Да, и я, глядя тогда на одно из окон третьего этажа, уносился в седьмое небо; читая «Кавказского пленника», я воображал себя на его месте, а она представлялась мне страстною черкешенкою. Я выучил эту прелестную поэму наизусть: любовь без поэзии немыслима! Я был счастлив, мне отвечали взаимностью… отвечали не словами, не пантомимою; нет! у нас был особый язык — глазами: недаром же и говорится, что любовь начинается с глаз. Но это была любовь — ультра-платоническая. Кто-бы поверил, в нынешнее реальное время, что я, любя ее более полутора года, живя в одном доме, встречаясь ежедневно, не сказал с нею ни слова, не смел подойти ближе пяти шагов? Да и к чему было говорить? Слова казались мне тогда слишком ничтожными: они не высказали бы моих чувств; а она… она так отлично умела говорить глазами! Бывало, стоя за кулисами, где-нибудь в темном уголку, я взорами следил за нею и она, в этой кордебалетной толпе, отыщет меня, взглянет долгим, пронзительным взглядом, и я счастлив — до новой встречи! Во время обеда я садился так, чтобы мне можно было ее видеть: даже в церкви глаза наши часто встречались. Бывали между нами и размолвки: то она сердилась, что я долго не подходил к окну, у которого она меня ожидала; то мне покажется, что она кокетничает с другим. В последнем случае у меня на лице изображалась грусть и ревность: но одного ее ласкового взгляда была достаточно, чтобы оно выяснилось! Эта немая любовь способствовала может быть развитию нашей мимики.
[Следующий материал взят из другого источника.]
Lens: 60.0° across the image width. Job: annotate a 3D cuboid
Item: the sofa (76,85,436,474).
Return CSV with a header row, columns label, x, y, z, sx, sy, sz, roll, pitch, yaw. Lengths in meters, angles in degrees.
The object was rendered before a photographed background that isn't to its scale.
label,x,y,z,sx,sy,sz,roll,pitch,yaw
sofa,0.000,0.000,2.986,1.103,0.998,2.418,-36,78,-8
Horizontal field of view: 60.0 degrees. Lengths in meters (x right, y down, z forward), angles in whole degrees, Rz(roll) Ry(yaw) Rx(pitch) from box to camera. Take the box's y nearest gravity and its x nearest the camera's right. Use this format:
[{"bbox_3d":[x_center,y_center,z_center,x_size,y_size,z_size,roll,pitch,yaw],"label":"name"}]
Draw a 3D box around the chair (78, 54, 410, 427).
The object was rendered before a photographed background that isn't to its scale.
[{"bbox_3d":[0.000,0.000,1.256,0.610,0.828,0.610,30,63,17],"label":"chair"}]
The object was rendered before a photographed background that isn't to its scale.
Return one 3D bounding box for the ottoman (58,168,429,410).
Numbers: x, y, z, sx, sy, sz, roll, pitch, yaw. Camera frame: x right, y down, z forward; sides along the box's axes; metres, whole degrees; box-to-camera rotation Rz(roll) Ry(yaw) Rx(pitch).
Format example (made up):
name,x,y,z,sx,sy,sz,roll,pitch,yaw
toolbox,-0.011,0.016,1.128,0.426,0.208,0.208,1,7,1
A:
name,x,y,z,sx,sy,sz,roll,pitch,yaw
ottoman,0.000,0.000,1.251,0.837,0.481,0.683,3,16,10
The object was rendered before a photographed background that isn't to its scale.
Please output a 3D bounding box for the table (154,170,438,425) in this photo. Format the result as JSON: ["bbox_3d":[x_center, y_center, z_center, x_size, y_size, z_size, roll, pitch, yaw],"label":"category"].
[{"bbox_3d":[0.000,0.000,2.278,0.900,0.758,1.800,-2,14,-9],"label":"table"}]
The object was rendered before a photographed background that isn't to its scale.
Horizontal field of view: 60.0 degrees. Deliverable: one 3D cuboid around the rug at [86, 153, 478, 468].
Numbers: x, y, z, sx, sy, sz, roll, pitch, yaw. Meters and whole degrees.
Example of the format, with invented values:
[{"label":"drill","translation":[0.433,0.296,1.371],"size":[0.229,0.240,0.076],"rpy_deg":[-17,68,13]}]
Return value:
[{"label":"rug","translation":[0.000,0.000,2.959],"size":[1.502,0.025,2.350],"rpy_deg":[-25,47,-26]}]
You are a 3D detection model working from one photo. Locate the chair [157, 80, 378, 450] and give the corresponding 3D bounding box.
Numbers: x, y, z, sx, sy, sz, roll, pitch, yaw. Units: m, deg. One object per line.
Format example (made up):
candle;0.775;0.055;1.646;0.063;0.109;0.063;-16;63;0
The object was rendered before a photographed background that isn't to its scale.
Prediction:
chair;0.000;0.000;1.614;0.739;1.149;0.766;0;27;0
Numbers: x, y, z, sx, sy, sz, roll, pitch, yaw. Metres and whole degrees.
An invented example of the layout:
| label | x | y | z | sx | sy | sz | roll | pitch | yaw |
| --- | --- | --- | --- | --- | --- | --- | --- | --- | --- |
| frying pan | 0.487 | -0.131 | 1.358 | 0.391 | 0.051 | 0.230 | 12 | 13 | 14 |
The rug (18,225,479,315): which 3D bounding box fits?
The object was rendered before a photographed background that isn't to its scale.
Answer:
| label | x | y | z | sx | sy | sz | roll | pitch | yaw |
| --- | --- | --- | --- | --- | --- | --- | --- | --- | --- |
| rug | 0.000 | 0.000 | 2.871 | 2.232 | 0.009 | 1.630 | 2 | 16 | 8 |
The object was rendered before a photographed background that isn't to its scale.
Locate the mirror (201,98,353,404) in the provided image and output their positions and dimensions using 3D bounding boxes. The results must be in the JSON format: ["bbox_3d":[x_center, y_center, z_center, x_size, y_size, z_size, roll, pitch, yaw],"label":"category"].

Мне никогда не приходилось танцевать с нею: она, как солистка, танцевала на первом плане, я же, в качестве фигуранта, был первым «от воды» т. е., говоря, не закулисным языком, танцевал на заднем плане, у декорации, изображающей море. Но, что значат моря и пространства для истинной любви? Она уничтожает всевозможные расстояния.
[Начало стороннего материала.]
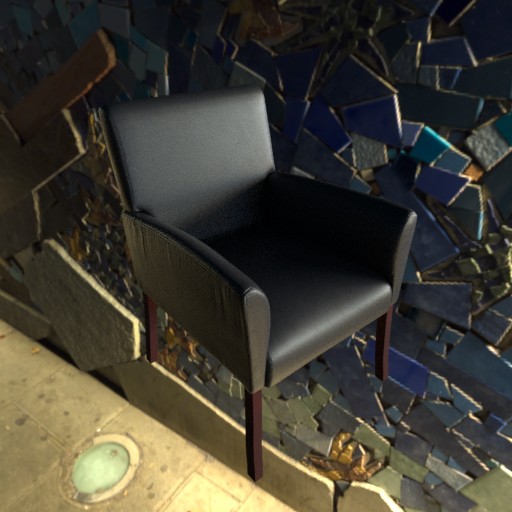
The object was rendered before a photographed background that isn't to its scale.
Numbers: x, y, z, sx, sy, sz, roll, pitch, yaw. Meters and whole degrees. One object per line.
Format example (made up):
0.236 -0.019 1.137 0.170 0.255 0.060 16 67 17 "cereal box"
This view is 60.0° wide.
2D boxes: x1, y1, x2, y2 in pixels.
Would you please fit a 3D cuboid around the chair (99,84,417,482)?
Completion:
0.000 0.000 1.496 0.683 0.951 0.772 -23 37 -34 "chair"
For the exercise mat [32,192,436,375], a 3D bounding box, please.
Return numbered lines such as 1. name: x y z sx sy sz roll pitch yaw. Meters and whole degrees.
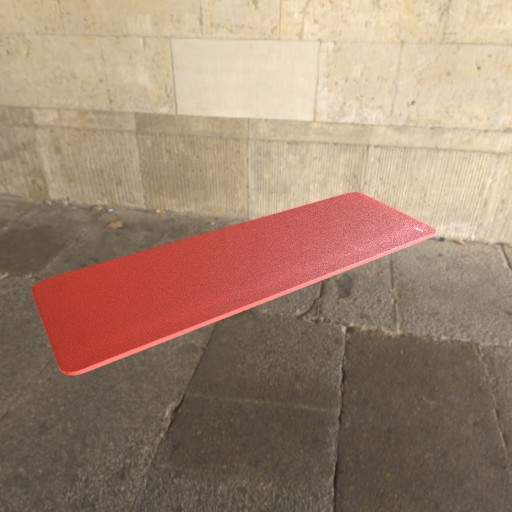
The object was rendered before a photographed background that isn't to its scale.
1. exercise mat: 0.000 0.000 2.070 1.869 0.021 0.616 -18 36 -27
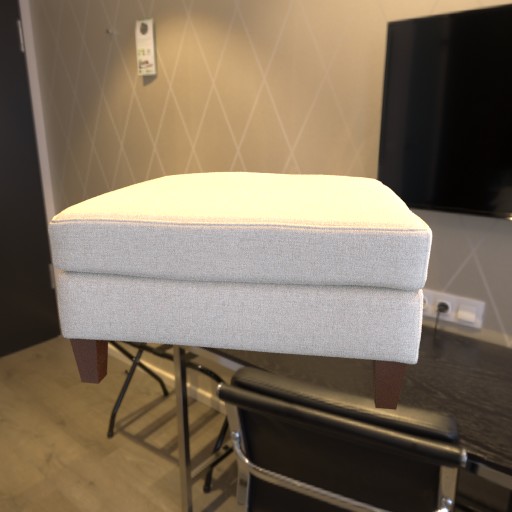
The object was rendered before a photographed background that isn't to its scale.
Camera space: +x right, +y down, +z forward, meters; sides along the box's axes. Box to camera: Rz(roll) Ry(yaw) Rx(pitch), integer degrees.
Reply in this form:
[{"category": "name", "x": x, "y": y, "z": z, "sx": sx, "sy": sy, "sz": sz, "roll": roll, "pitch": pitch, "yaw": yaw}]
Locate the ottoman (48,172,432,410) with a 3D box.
[{"category": "ottoman", "x": 0.000, "y": 0.000, "z": 1.356, "sx": 0.838, "sy": 0.478, "sz": 0.838, "roll": 2, "pitch": 16, "yaw": 8}]

Пора, однако-же, для полной моей исповеди, сказать кто такая была эта она. Она была воспитанница, Надежда Аполлоновна Азаревичева, побочная дочь директора А. А. Майкова и одной старой фигурантки, бывшей уже на пенсии. Старшая ее дочь, Марья, была выпущена из училища в одно время со мною.
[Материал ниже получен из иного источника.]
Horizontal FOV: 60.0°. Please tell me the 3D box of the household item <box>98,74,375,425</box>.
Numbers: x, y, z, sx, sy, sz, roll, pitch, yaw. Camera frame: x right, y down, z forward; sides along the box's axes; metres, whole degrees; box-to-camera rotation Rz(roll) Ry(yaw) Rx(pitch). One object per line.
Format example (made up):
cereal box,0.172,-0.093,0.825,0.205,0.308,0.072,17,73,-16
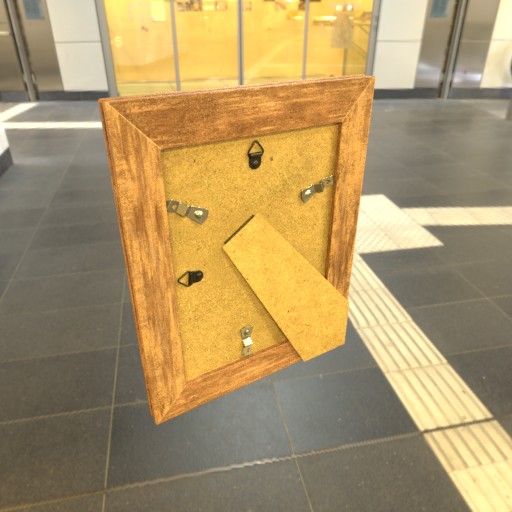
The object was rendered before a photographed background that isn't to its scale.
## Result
household item,0.000,0.000,0.327,0.186,0.237,0.018,-17,33,-27
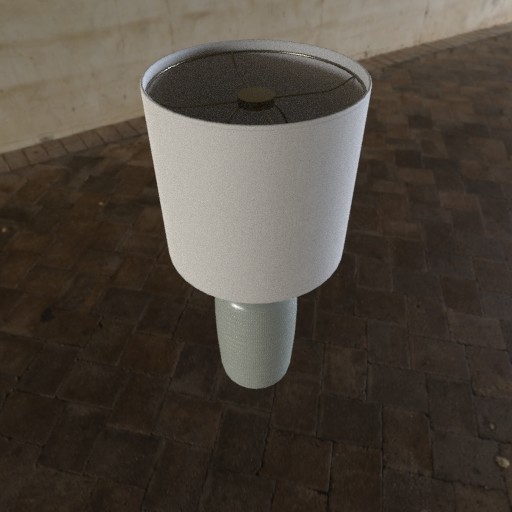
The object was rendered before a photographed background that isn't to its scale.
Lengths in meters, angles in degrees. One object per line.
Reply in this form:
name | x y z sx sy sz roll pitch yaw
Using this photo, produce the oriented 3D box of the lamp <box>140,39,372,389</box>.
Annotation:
lamp | 0.000 0.000 0.589 0.220 0.475 0.220 -1 42 -1
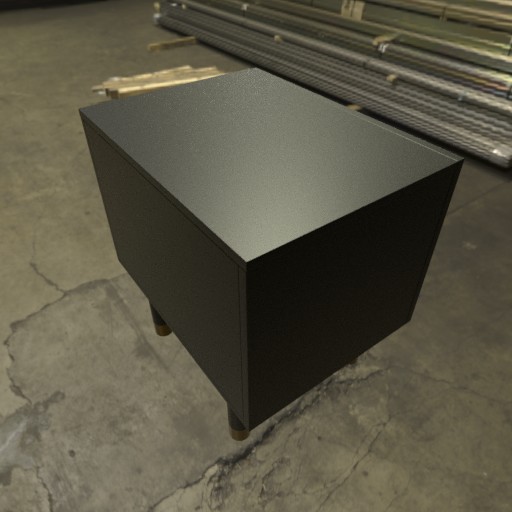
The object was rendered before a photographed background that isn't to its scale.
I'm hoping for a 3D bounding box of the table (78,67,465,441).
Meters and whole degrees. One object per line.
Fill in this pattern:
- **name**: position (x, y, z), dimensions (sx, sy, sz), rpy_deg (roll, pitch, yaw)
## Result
- **table**: position (0.000, 0.000, 0.972), dimensions (0.441, 0.584, 0.564), rpy_deg (-25, 46, -27)

Наружность моей Лауры была, действительно, прекрасна, несмотря на рыженькие волоса, миниатюрный рост и неправильные черты лица. Ее карие глазки были полны огня, жизни и необыкновенно выразительны; их огненный блеск способен был, как телячью печенку, испепелить мое юное, неопытное сердце.
В это же самое время брат мой Василий был влюблен в другую воспитанницу, по фамилии Эрикову. Эта девица была необычайно малого роста. Если моя любовь была нема, то любовь брата была слепа, так как избранница его сердца не отличалась ни умом, ни красотой, ни дарованием. По выпуске из школы она поступила в хористки и затерялась в толпе бездарностей. Школьные мои товарищи подсмеивались над этим неудачным выбором и, видя брата и Эрикову за кулисами, называли их «Кириком и Улитой». Брат был огромного роста: разговаривая с нею он должен был сгибаться в три погибели… Но как быть: Геркулес прял у ног Омфалы, Самсон дал себя остричь Далиле! Крайности сходятся. Брат более году вздыхал по ней. И его любовь как моя была пустоцветом, фальшфейером!
Приятно под старость вспомнить и детские шалости, и юношеские проделки! Лет через пять, когда моя обманчивая Надежда была уже невестою другого, мы с нею простодушно смеялись над нашею безмолвною, юношескою любовью…
И это немаловажная отрада, когда ни слезы, ни угрызения совести не мучат нас при воспоминании об увлечениях молодости.